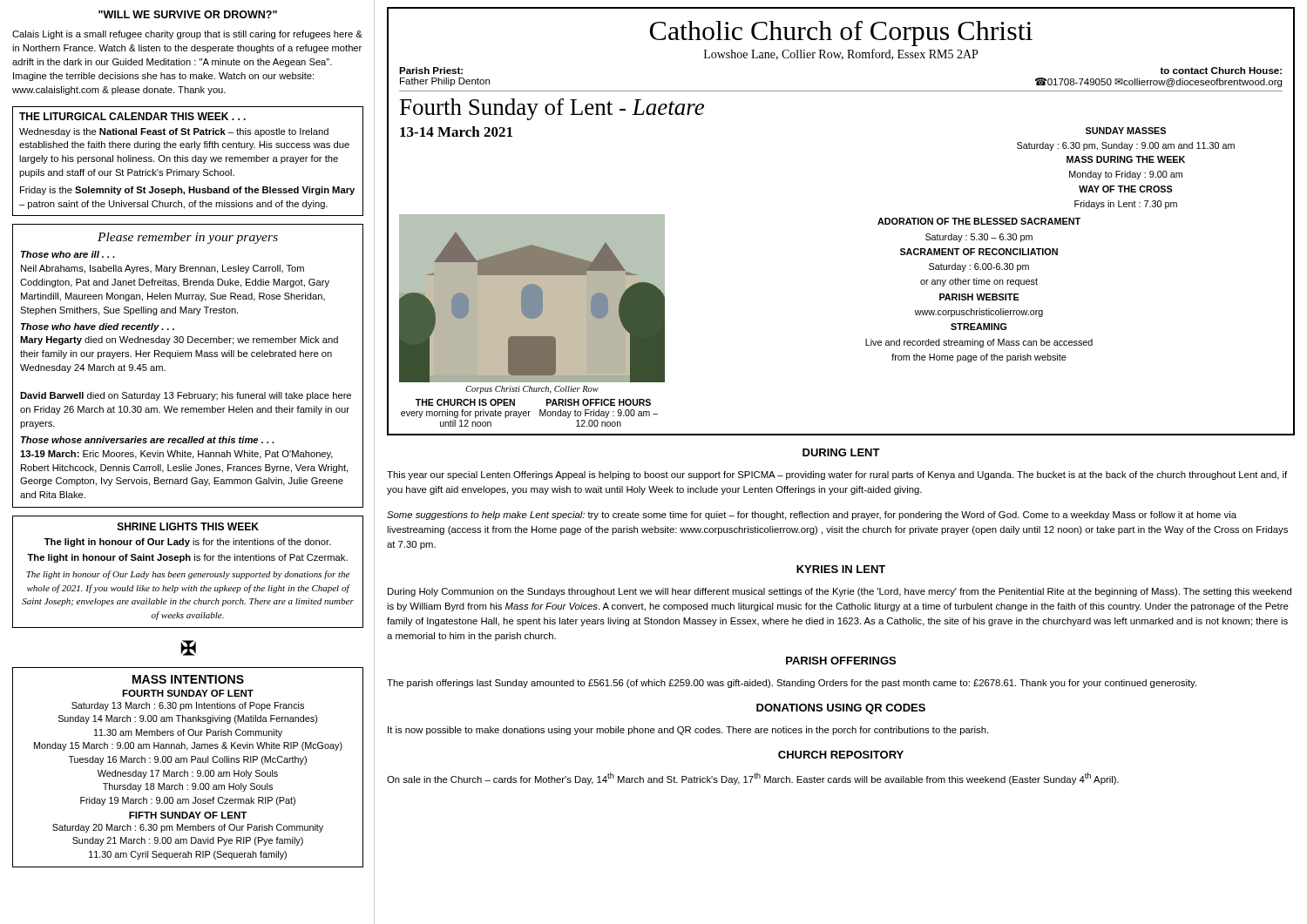Screen dimensions: 924x1307
Task: Click on the section header containing "KYRIES IN LENT"
Action: 841,569
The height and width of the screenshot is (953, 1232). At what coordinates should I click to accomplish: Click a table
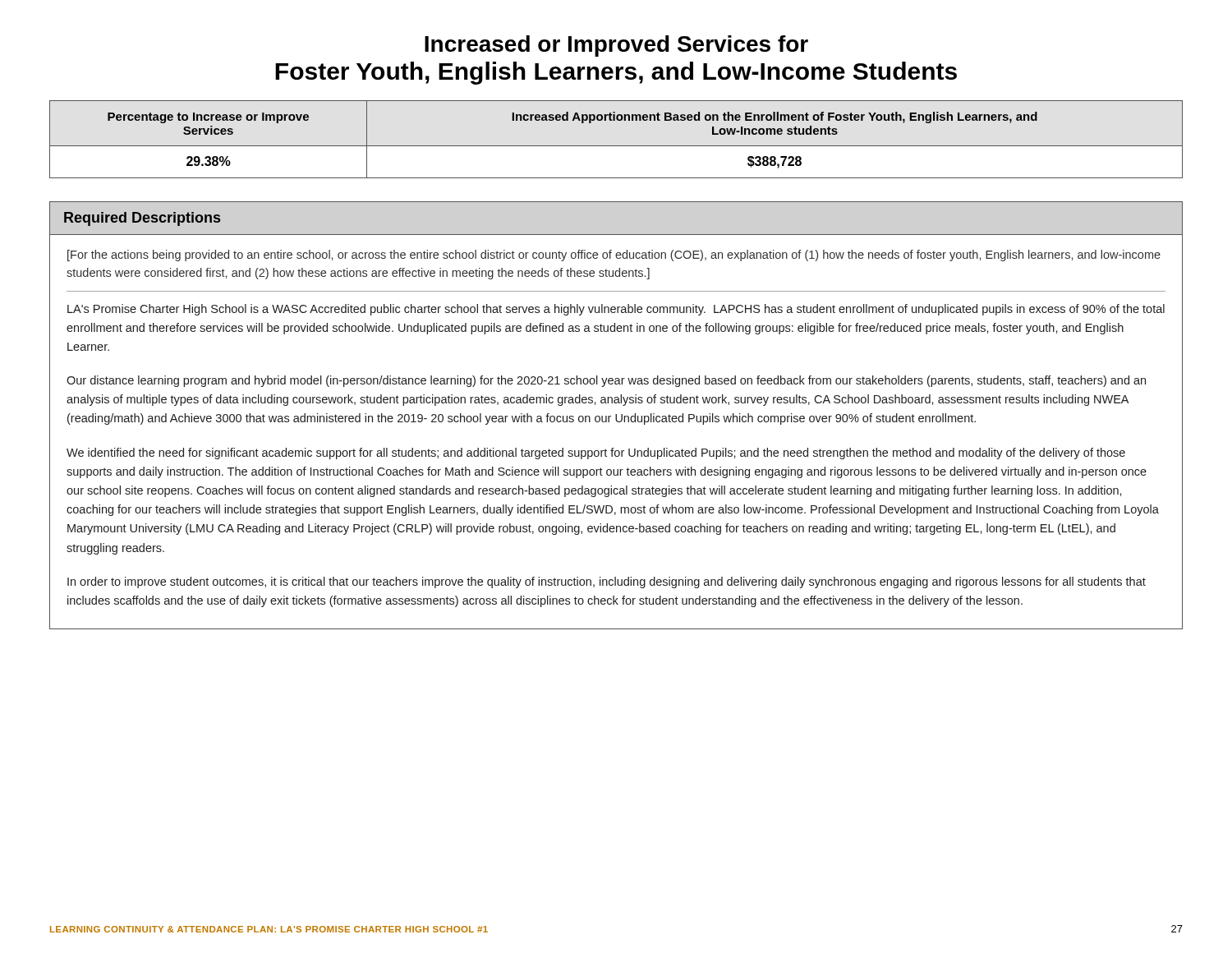tap(616, 139)
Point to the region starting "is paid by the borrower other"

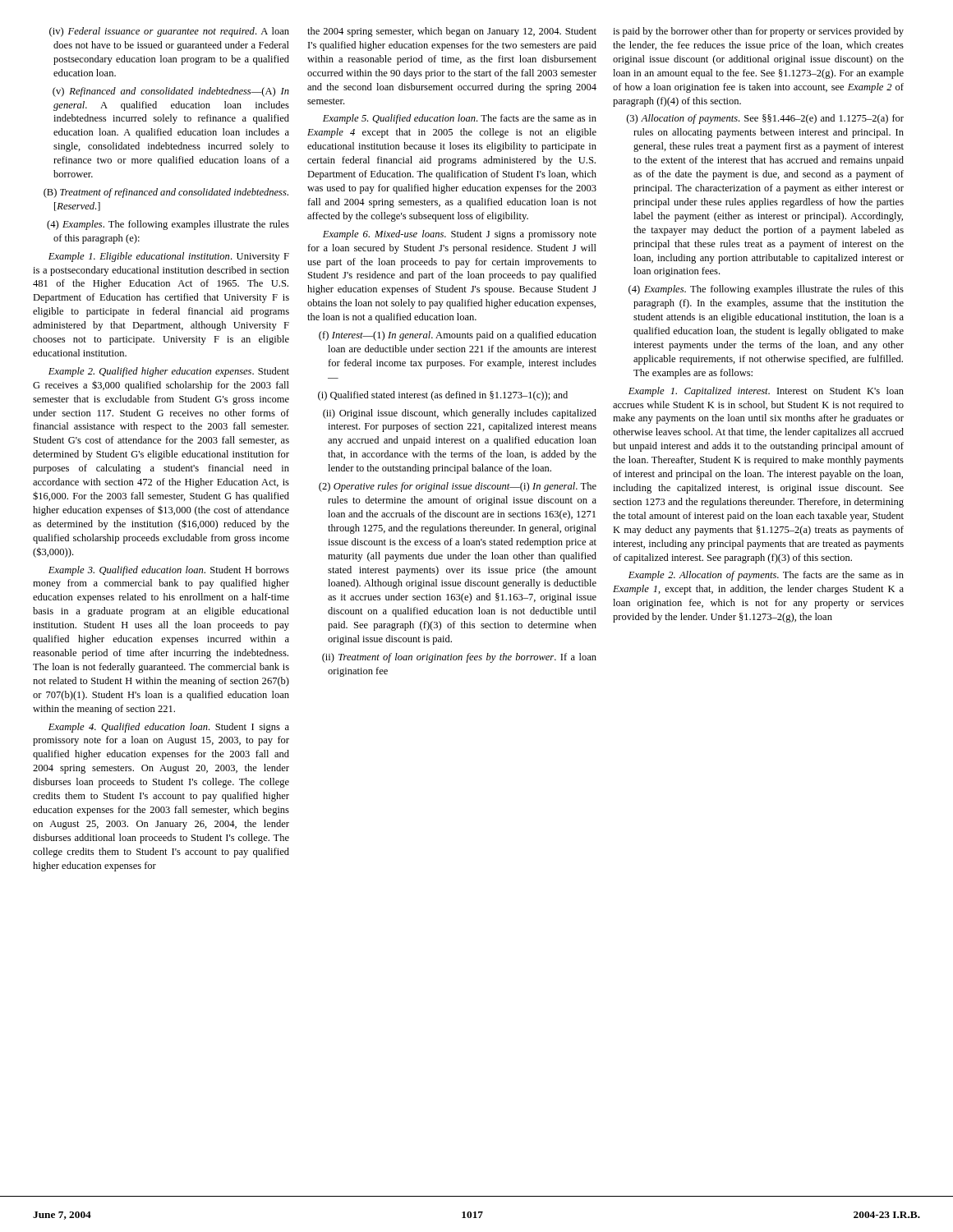[x=758, y=324]
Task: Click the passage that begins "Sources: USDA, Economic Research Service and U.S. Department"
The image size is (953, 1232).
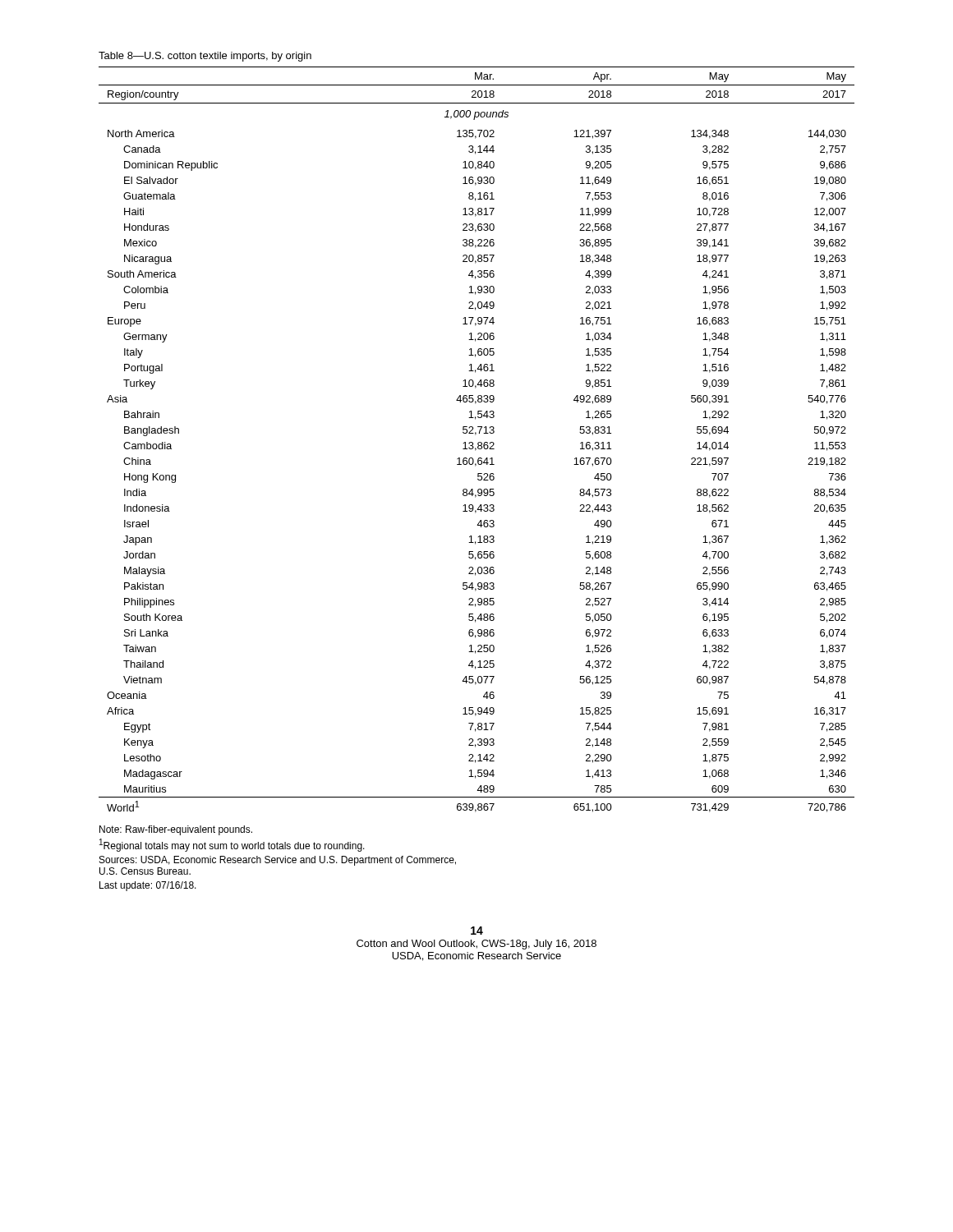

···

Work to complete: Repeat verbatim the lines from the one holding "The height and" through the end of the listing above, both ends included, but not the pictures.

Result:
The height and width of the screenshot is (953, 1232). At what coordinates should I click to accomplish: Click a table
tap(616, 139)
Point to the region starting "is paid by the borrower other"

[x=758, y=324]
Task: Click the passage that begins "Sources: USDA, Economic Research Service and U.S. Department"
The image size is (953, 1232).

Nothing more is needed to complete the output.